Le deuxième changement auquel on peut s’attendre est la clarification de l’objectif de stabilité des prix de la BCE. La stabilité des prix devrait être redéfinie à partir d’un taux d’inflation de « inférieur mais proche de 2% », à une inflation de 2%. Mais c’est la partie facile, et c’est le moins que la banque centrale puisse faire pour permettre à l’objectif d’inflation d’être un point focal pour les anticipations. Compte tenu de l’importance des anticipations sur l’inflation, il est surprenant que cela ne se soit pas déjà produit. En fait, pourquoi la stabilité des prix a-t-elle même été définie ainsi ?

Mais est-ce suffisant ? L’inflation est rarement exactement à 2%. Cela signifie-t-il alors qu’un objectif aussi précis, et donc aussi la stabilité des prix, est rarement, voire jamais, atteint ? N’est-ce pas potentiellement contre-productif ?

La banque centrale américaine, la Réserve fédérale, a abordé ce problème dans sa propre revue de stratégie en disant que l’inflation devrait être à 2% « en moyenne ». L’inflation peut être supérieure à 2 %, à condition qu’elle descende également en dessous, de sorte que « en moyenne » il atterrit sur la cible.

Alors que cette définition est facile à justifier à tout moment avec le recul, elle n’est pas facile à utiliser pour prédire l’avenir. Si l’inflation est inférieure à 2 % depuis un an, par exemple, est-il raisonnable de supposer que la banque centrale visera à être supérieure à 2 % l’année prochaine ? Ou le point de référence devrait-il être plus long qu’un an seulement ? En outre, plus l’inflation est restée longtemps d’un côté de son objectif, comme ce que nous connaissons aujourd’hui avec une faible inflation, plus il est difficile de la revenir et de la maintenir de l’autre côté aussi longtemps que nécessaire, de sorte que « en moyenne » c’est exactement à 2%.

En théorie, la stabilité des prix définie comme une inflation égale à 2 % en moyenne est raisonnable. Mais en pratique, si la définition s’arrête là, elle ne fournit pas de signal utile pouvant aider les agents économiques à former des anticipations. Mais qu’est-ce qui fournirait un signal utile ?

Il y a deux options ici.

La définition de la stabilité des prix doit également inclure un engagement explicite envers un horizon politique, moyen sur, disons, 2 ans, ou le cycle économique.

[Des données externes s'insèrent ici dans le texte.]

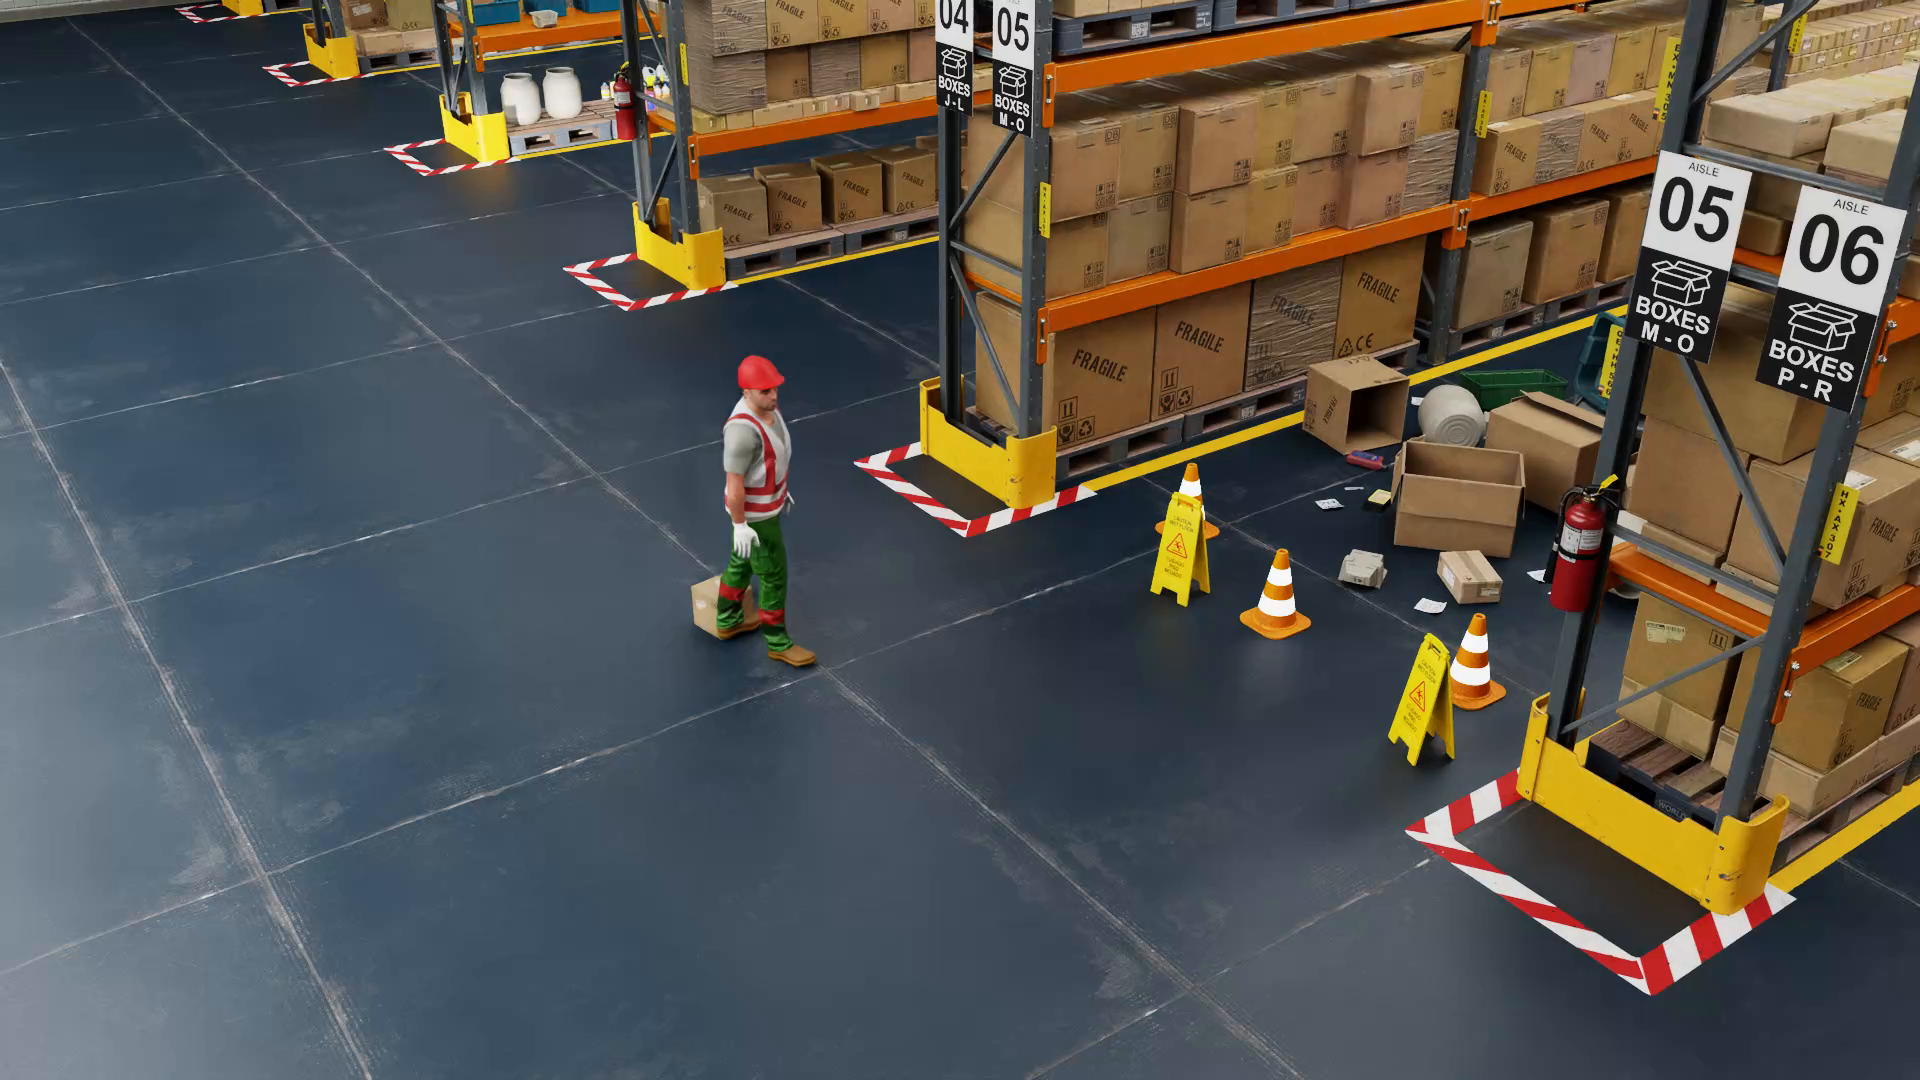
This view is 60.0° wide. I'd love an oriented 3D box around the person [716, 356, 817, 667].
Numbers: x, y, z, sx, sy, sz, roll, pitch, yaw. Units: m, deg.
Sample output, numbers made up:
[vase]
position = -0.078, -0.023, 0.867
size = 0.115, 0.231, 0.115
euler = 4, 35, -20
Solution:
[person]
position = -1.081, -0.165, 8.911
size = 0.618, 1.788, 0.570
euler = 3, 28, 6

Mais les banques centrales sont naturellement très réticentes à le faire, étant donné l’environnement de taux d’intérêt bas et en baisse des dix à quinze dernières années. À tout le moins, cela signifie que notre compréhension de la façon dont la politique monétaire se transmet à l’économie est imparfaite.

La deuxième option est d’avoir des bandes de tolérance autour de la cible numérique. La banque centrale viserait 2% mais tolérerait l’inflation dans une certaine fourchette autour de celle-ci. Tant que l’inflation se situe dans la bande de tolérance, elle est également de 2 % en moyenne. Mais maintenant, l’horizon temporel n’a pas besoin d’être explicitement identifié.

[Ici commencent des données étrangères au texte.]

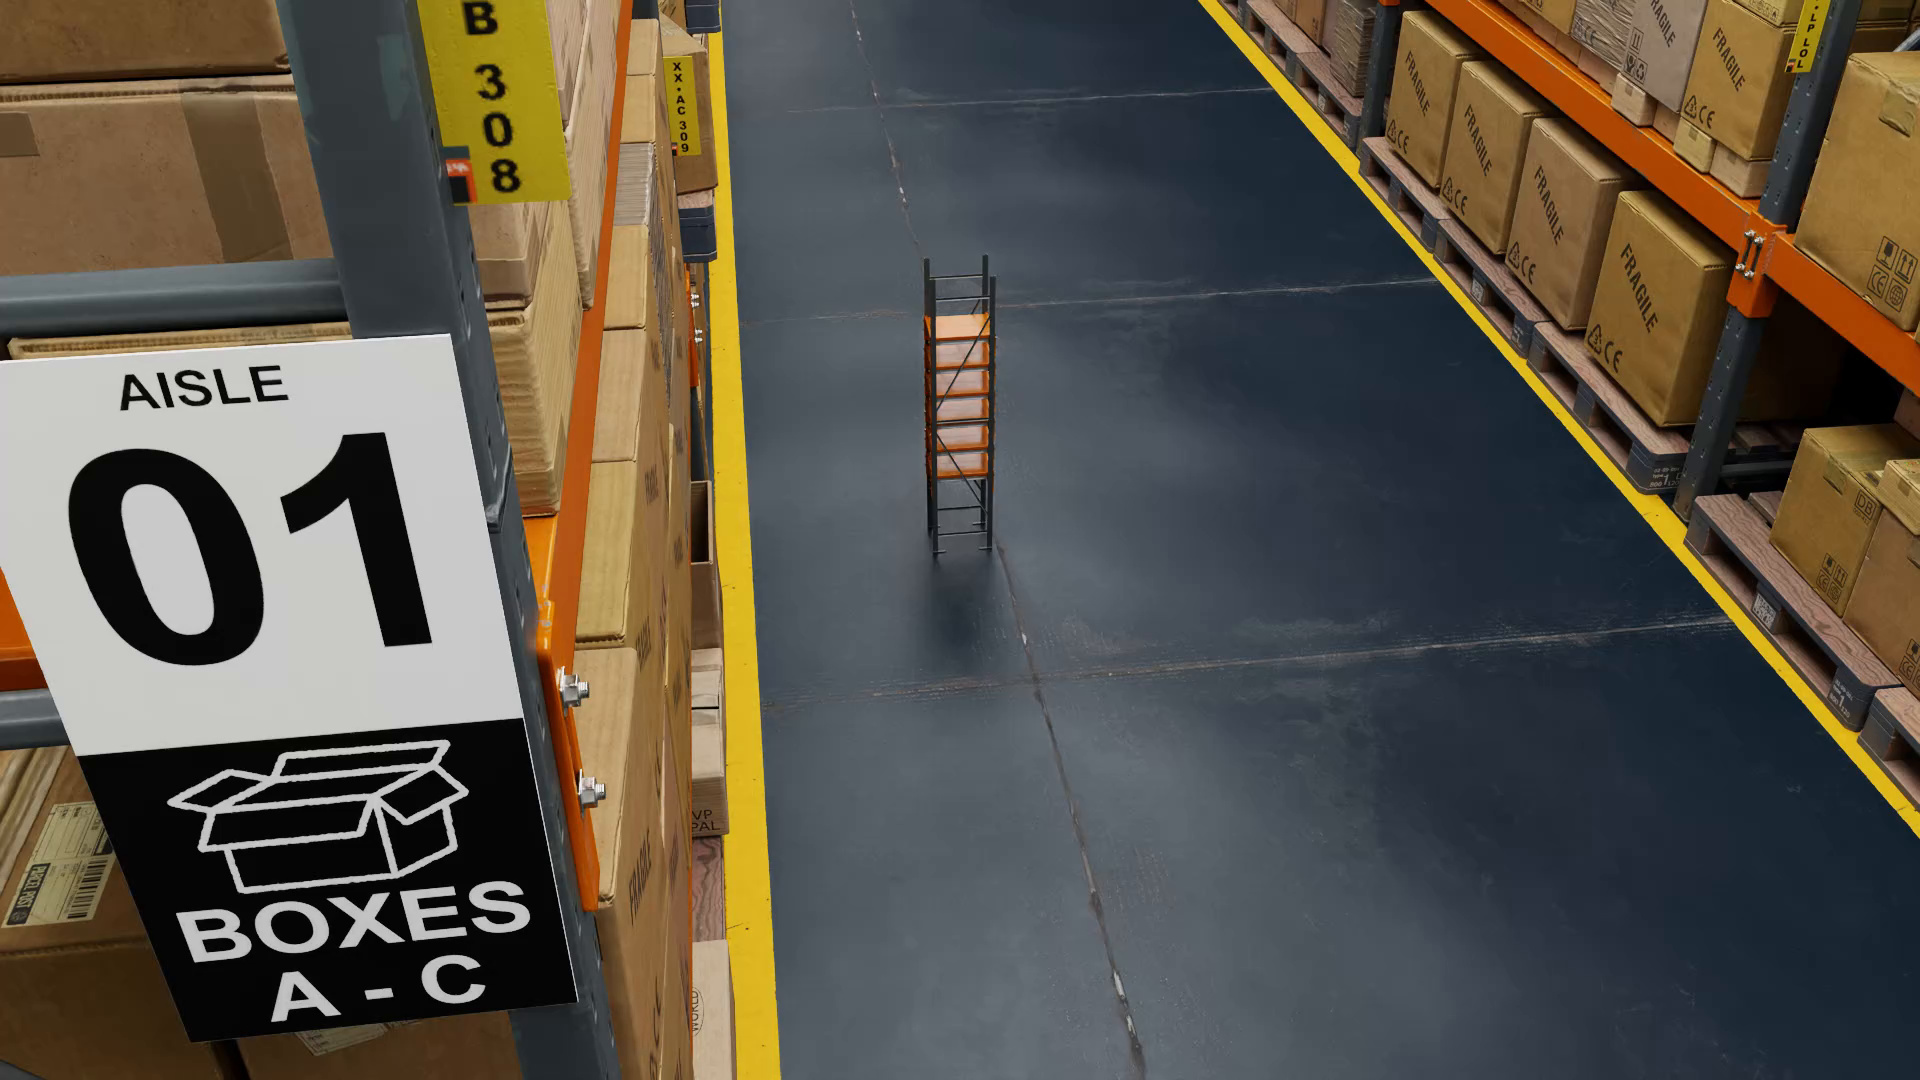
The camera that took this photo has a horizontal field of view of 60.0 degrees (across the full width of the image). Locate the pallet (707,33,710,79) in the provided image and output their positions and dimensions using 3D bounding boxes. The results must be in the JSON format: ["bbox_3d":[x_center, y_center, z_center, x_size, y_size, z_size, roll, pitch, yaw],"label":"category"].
[{"bbox_3d":[-2.208,-3.217,11.284,1.003,0.211,1.213,-4,35,-6],"label":"pallet"}]

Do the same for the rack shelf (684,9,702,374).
[{"bbox_3d":[-1.706,-1.815,7.388,1.077,0.370,4.000,-4,35,-6],"label":"rack shelf"}]

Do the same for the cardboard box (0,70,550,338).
[{"bbox_3d":[-0.711,-0.454,1.779,0.500,0.250,0.500,-4,35,-6],"label":"cardboard box"}]

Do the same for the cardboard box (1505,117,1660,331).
[{"bbox_3d":[3.132,-1.507,7.834,0.750,0.750,0.750,-3,34,-5],"label":"cardboard box"}]

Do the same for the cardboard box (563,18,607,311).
[{"bbox_3d":[-0.771,-0.527,2.330,0.500,0.250,0.500,-4,35,-6],"label":"cardboard box"}]

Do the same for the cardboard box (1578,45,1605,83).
[{"bbox_3d":[3.017,-2.157,7.457,0.380,0.149,0.250,-5,35,-8],"label":"cardboard box"}]

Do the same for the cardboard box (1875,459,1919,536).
[{"bbox_3d":[3.335,-0.152,5.580,0.380,0.149,0.250,-3,34,-5],"label":"cardboard box"}]

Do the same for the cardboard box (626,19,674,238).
[{"bbox_3d":[-1.113,-1.188,4.853,0.500,0.500,0.500,-4,34,-6],"label":"cardboard box"}]

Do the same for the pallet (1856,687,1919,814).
[{"bbox_3d":[3.663,0.892,5.254,1.003,0.211,1.213,-4,35,-6],"label":"pallet"}]

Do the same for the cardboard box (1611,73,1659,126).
[{"bbox_3d":[3.003,-1.875,7.043,0.380,0.149,0.250,-4,35,-6],"label":"cardboard box"}]

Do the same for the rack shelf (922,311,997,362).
[{"bbox_3d":[-0.002,-0.765,6.246,0.258,0.103,0.180,-4,35,-6],"label":"rack shelf"}]

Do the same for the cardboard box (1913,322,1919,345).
[{"bbox_3d":[3.620,-0.785,4.972,0.980,0.700,0.700,-5,35,-8],"label":"cardboard box"}]

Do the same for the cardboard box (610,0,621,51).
[{"bbox_3d":[-0.913,-1.085,3.148,0.500,0.250,0.500,-4,35,-6],"label":"cardboard box"}]

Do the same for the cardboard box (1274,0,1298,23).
[{"bbox_3d":[2.658,-4.004,11.791,0.700,0.500,0.500,-4,34,-6],"label":"cardboard box"}]

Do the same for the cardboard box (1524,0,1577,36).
[{"bbox_3d":[2.949,-2.627,7.571,0.500,0.500,0.500,-3,34,-5],"label":"cardboard box"}]

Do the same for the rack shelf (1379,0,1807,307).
[{"bbox_3d":[3.202,-2.192,7.942,1.077,0.370,4.000,-4,35,-6],"label":"rack shelf"}]

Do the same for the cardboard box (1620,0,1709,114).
[{"bbox_3d":[3.081,-2.068,6.750,0.500,0.500,0.500,-4,34,-6],"label":"cardboard box"}]

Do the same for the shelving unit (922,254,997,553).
[{"bbox_3d":[-0.002,-0.504,6.424,0.258,1.200,0.189,-4,35,-6],"label":"shelving unit"}]

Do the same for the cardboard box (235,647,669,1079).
[{"bbox_3d":[-0.698,0.514,2.355,0.500,0.500,0.500,-3,34,-5],"label":"cardboard box"}]

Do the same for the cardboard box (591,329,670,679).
[{"bbox_3d":[-0.838,-0.056,3.193,0.500,0.500,0.500,-4,34,-6],"label":"cardboard box"}]

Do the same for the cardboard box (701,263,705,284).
[{"bbox_3d":[-1.548,-1.584,8.240,0.500,0.500,0.500,-6,35,-8],"label":"cardboard box"}]

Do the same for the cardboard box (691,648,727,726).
[{"bbox_3d":[-0.970,0.502,5.491,0.380,0.149,0.250,-4,35,-6],"label":"cardboard box"}]

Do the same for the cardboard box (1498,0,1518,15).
[{"bbox_3d":[2.924,-2.737,8.308,0.380,0.149,0.250,-4,34,-5],"label":"cardboard box"}]

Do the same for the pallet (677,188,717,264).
[{"bbox_3d":[-1.437,-1.371,6.268,1.003,0.211,1.213,-4,35,-6],"label":"pallet"}]

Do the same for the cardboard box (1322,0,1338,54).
[{"bbox_3d":[2.830,-3.448,10.975,0.700,0.500,0.500,-4,35,-6],"label":"cardboard box"}]

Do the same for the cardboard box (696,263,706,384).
[{"bbox_3d":[-1.404,-1.009,7.396,0.500,0.500,0.500,-4,34,-6],"label":"cardboard box"}]

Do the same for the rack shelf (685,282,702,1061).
[{"bbox_3d":[-1.168,0.418,4.113,1.077,0.370,4.000,-4,35,-6],"label":"rack shelf"}]

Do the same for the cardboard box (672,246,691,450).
[{"bbox_3d":[-1.045,-0.490,4.717,0.500,0.500,0.500,-3,34,-5],"label":"cardboard box"}]

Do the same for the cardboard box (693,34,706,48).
[{"bbox_3d":[-1.755,-2.811,9.783,0.500,0.311,0.500,-3,34,-5],"label":"cardboard box"}]

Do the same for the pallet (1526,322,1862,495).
[{"bbox_3d":[3.292,-0.646,7.510,1.003,0.211,1.213,-4,35,-6],"label":"pallet"}]

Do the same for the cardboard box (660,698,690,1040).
[{"bbox_3d":[-0.772,0.640,3.059,0.500,0.500,0.500,-5,35,-7],"label":"cardboard box"}]

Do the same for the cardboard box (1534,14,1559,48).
[{"bbox_3d":[2.965,-2.453,7.892,0.380,0.149,0.250,-4,34,-6],"label":"cardboard box"}]

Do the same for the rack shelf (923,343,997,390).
[{"bbox_3d":[-0.002,-0.665,6.314,0.258,0.103,0.180,-4,35,-6],"label":"rack shelf"}]

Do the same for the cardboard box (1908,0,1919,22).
[{"bbox_3d":[3.667,-2.132,6.178,0.500,0.250,0.500,-3,34,-5],"label":"cardboard box"}]

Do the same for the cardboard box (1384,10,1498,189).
[{"bbox_3d":[2.902,-2.470,9.247,0.750,0.750,0.750,-5,35,-7],"label":"cardboard box"}]

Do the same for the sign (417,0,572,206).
[{"bbox_3d":[-0.362,-0.406,1.242,0.100,0.325,0.005,-4,35,-6],"label":"sign"}]

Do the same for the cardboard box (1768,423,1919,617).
[{"bbox_3d":[3.470,-0.089,6.063,0.700,0.500,0.500,-4,34,-6],"label":"cardboard box"}]

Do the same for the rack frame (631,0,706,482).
[{"bbox_3d":[-1.437,-0.996,5.548,1.000,3.000,0.127,-4,35,-6],"label":"rack frame"}]

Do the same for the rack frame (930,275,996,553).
[{"bbox_3d":[0.010,-0.453,6.349,0.240,1.200,0.006,-4,35,-6],"label":"rack frame"}]

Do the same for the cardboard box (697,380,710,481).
[{"bbox_3d":[-1.261,-0.433,6.551,0.500,0.500,0.500,-6,35,-9],"label":"cardboard box"}]

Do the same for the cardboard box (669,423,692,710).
[{"bbox_3d":[-0.903,0.081,3.879,0.500,0.500,0.500,-4,34,-6],"label":"cardboard box"}]

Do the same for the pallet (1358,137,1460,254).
[{"bbox_3d":[2.964,-2.007,9.508,1.003,0.211,1.213,-4,35,-6],"label":"pallet"}]

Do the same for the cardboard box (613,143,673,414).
[{"bbox_3d":[-0.974,-0.621,4.021,0.500,0.500,0.500,-4,34,-6],"label":"cardboard box"}]

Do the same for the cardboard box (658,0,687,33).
[{"bbox_3d":[-1.435,-1.871,6.370,0.700,0.500,0.500,1,34,1],"label":"cardboard box"}]

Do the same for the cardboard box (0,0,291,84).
[{"bbox_3d":[-0.985,-0.743,1.537,0.700,0.500,0.500,-4,35,-6],"label":"cardboard box"}]

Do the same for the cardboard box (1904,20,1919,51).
[{"bbox_3d":[3.659,-1.821,6.388,0.500,0.500,0.500,-6,35,-8],"label":"cardboard box"}]

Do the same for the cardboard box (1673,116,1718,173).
[{"bbox_3d":[3.087,-1.584,6.616,0.380,0.149,0.250,-4,34,-5],"label":"cardboard box"}]

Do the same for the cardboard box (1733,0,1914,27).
[{"bbox_3d":[3.154,-2.097,6.127,0.500,0.250,0.500,-4,34,-5],"label":"cardboard box"}]

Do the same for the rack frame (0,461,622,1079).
[{"bbox_3d":[-0.899,1.236,2.272,1.000,3.000,0.127,-4,35,-6],"label":"rack frame"}]

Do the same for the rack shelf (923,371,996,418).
[{"bbox_3d":[-0.002,-0.566,6.381,0.258,0.103,0.180,-4,35,-6],"label":"rack shelf"}]

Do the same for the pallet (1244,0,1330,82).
[{"bbox_3d":[2.668,-3.568,11.799,1.003,0.211,1.213,-4,35,-6],"label":"pallet"}]

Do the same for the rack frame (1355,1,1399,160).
[{"bbox_3d":[2.933,-3.605,9.377,1.000,3.000,0.127,-4,35,-6],"label":"rack frame"}]

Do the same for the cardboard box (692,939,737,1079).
[{"bbox_3d":[-0.826,1.308,4.218,0.500,0.250,0.500,-4,35,-6],"label":"cardboard box"}]

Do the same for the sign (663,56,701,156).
[{"bbox_3d":[-0.901,-1.399,5.370,0.100,0.325,0.005,-4,35,-6],"label":"sign"}]

En effet, la majorité des banques centrales qui pratiquent le ciblage de l’inflation ont ces bandes de tolérance comme partie intégrante de leur politique et comme stratégie de communication. Les marchés eux-mêmes auront des opinions sur les inversions de politique à mesure que l’inflation approchera des deux bords des bandes. La largeur exacte de cette bande est discutable, mais étant donné que nous opérons dans un environnement très incertain, la banque centrale devrait pécher par excès de bandes plus larges, disons entre 0,5% et 3,5%.

Mais peut-être que la caractéristique la plus importante d’une bande de tolérance est qu’elle fournit un cadre très clair pour évaluer la performance de la banque centrale. Une stratégie transparente sur ce qui réussit et ce qui ne l’est pas profite à la banque centrale, à ses objectifs et finalement à la société.